The Strange Worlds of M C Escher

M C Escher at Work

I try in my prints to testify that we live in a beautiful and orderly world, not in a chaos without norms, even though that is how it sometimes appears.  M C Escher

Maurits Cornelius Escher was born in June 1898, the youngest son of a prosperous Dutch government engineer. After a year in technical college, he attended the School of Architecture and Decorative Arts in Haarlem. He was diverted from a career in architecture by his teacher and mentor Jessurun Mesquita, who encouraged him to develop his drawing and printmaking skills.

After visits to Spain and Italy, he was impressed by the dramatic landscapes, particularly mountainous and desert regions with olive trees and cacti. Escher found Holland relatively uninspiring and returned to Spain again, where he visited Granada and saw the palace of the Alhambra, with its elaborate decorative architecture. Escher travelled widely in Southern Europe, working assiduously on drawings and prints. He married in 1924 and settled in Rome. By this time he had achieved a measure of success with woodcut illustrations for a booklet Easter Flowers, and his print St Francis Preaching to the Birds sold well. In addition he had a one-man exhibition in Sienna and another in Holland.

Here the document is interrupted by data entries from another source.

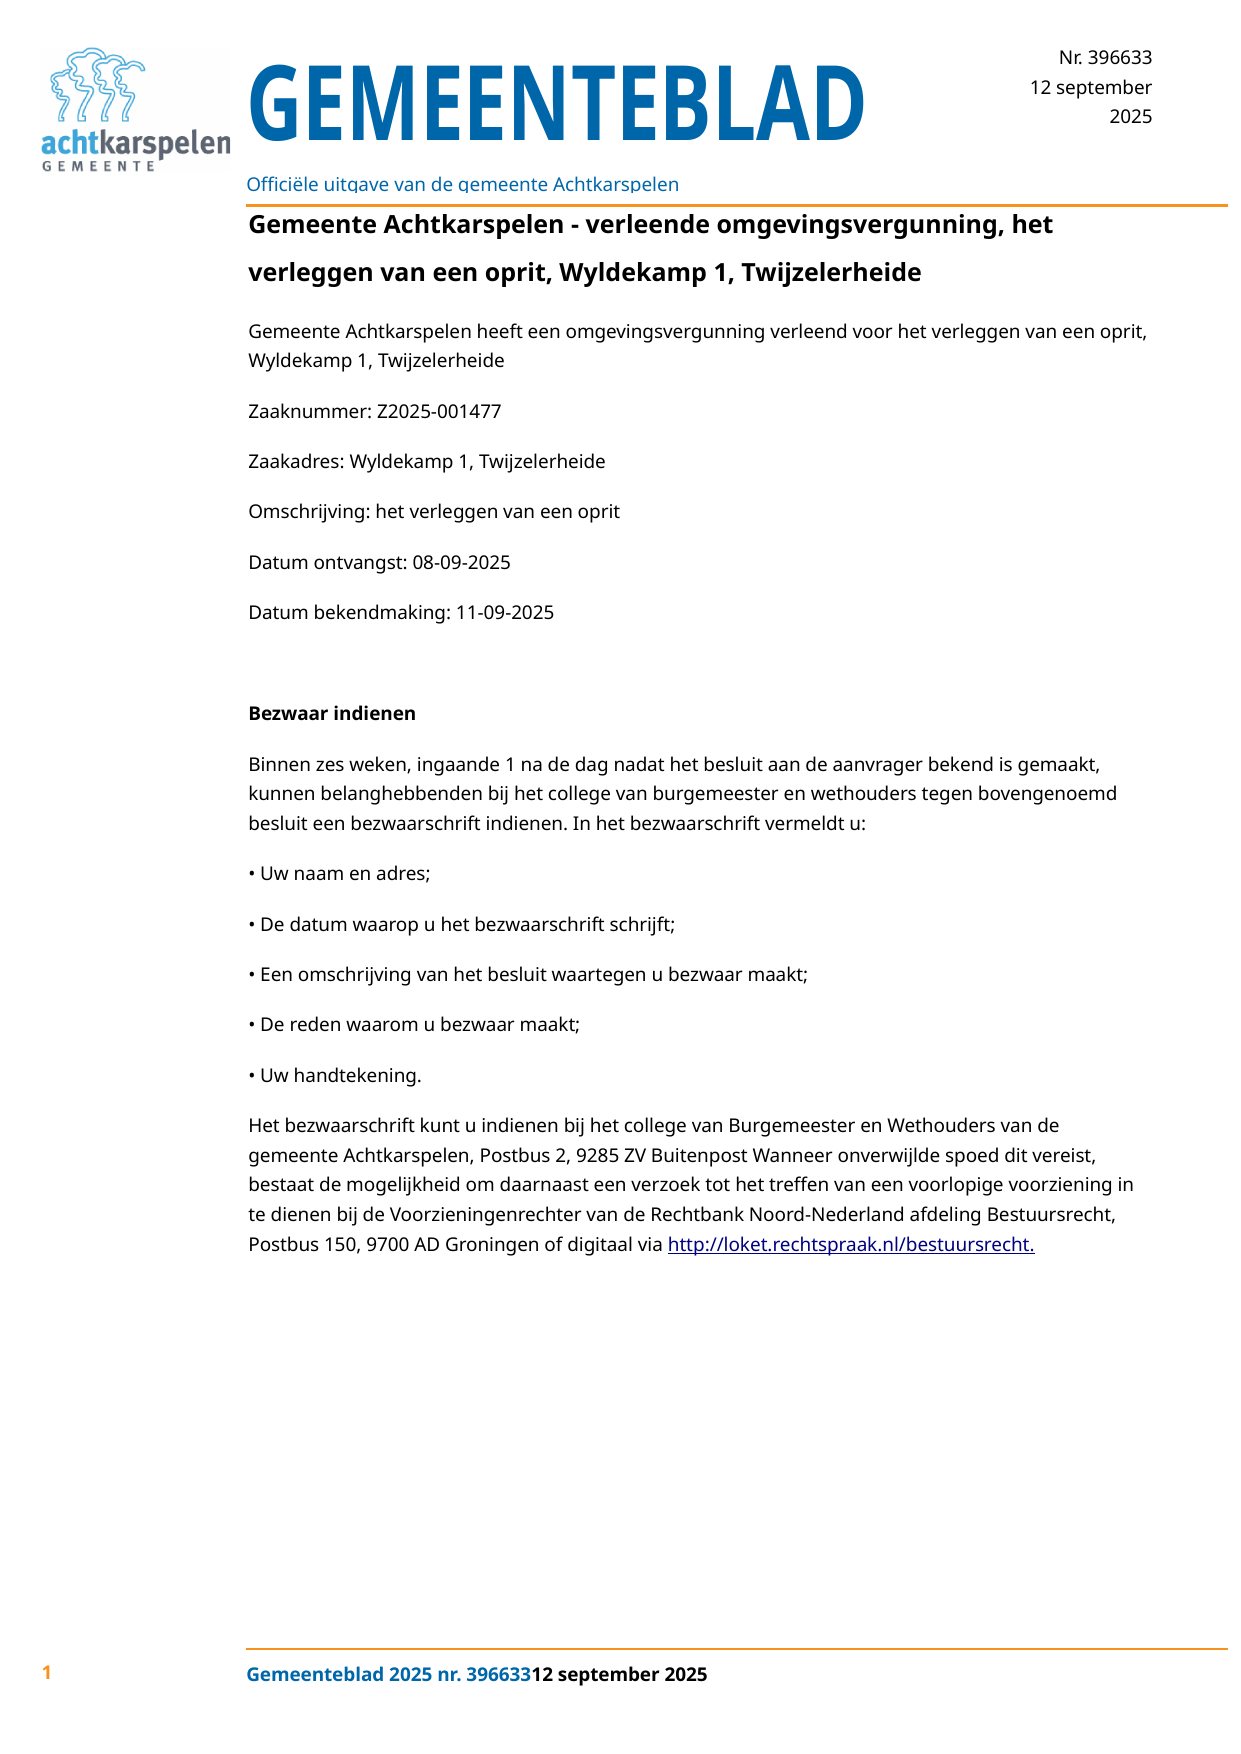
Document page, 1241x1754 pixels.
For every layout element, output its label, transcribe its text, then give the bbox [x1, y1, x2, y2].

text • De reden waarom u bezwaar maakt; [248, 1012, 1152, 1037]
text Gemeente Achtkarspelen heeft een omgevingsvergunning verleend voor het verleggen van een oprit, Wyldekamp 1, Twijzelerheide [248, 318, 1152, 373]
text • Een omschrijving van het besluit waartegen u bezwaar maakt; [248, 961, 1152, 987]
text Gemeente Achtkarspelen - verleende omgevingsvergunning, het verleggen van een oprit, Wyldekamp 1, Twijzelerheide [248, 207, 1152, 288]
picture [41, 47, 231, 172]
text Omschrijving: het verleggen van een oprit [248, 499, 1152, 524]
text Datum bekendmaking: 11-09-2025 [248, 599, 1152, 625]
text • Uw naam en adres; [248, 860, 1152, 886]
text • Uw handtekening. [248, 1062, 1152, 1088]
text Datum ontvangst: 08-09-2025 [248, 549, 1152, 575]
text Het bezwaarschrift kunt u indienen bij het college van Burgemeester en Wethouders van de gemeente Achtkarspelen, Postbus 2, 9285 ZV Buitenpost Wanneer onverwijlde spoed dit vereist, bestaat de mogelijkheid om daarnaast een verzoek tot het treffen van een voorlopige voorziening in te dienen bij de Voorzieningenrechter van de Rechtbank Noord-Nederland afdeling Bestuursrecht, Postbus 150, 9700 AD Groningen of digitaal via http://loket.rechtspraak.nl/bestuursrecht. [248, 1112, 1152, 1257]
text Zaaknummer: Z2025-001477 [248, 398, 1152, 424]
text Zaakadres: Wyldekamp 1, Twijzelerheide [248, 448, 1152, 474]
text • De datum waarop u het bezwaarschrift schrijft; [248, 911, 1152, 937]
text Binnen zes weken, ingaande 1 na de dag nadat het besluit aan de aanvrager bekend is gemaakt, kunnen belanghebbenden bij het college van burgemeester en wethouders tegen bovengenoemd besluit een bezwaarschrift indienen. In het bezwaarschrift vermeldt u: [248, 751, 1152, 836]
text Bezwaar indienen [248, 700, 1152, 726]

Eight Heads, woodcut stamped print, 1922

The print, Eight Heads, was made when Escher was still at art school, and is an example of a side-grained woodcut, where the white areas are cut away, leaving the raised areas to impress the ink. This method was used exclusively by Escher in his early work, and is distinct from wood engraving (Intaglio) where the ink lies in fine grooves and the raised surface is wiped clean before printing. This early work already includes Escher’s hallmark: the division of the picture plane into repeating areas, and the ambiguity between figure and ground which challenges the normal perceptive habits of eye and brain.

It was not until 1929 that I made my first lithograph, and then in 1931 I tried my hand for the first time at wood-engraving, that is to say engraving with burins on an end-grain block.  M C Escher, The Graphic Work Published by Benedikt-Taschen Verlag.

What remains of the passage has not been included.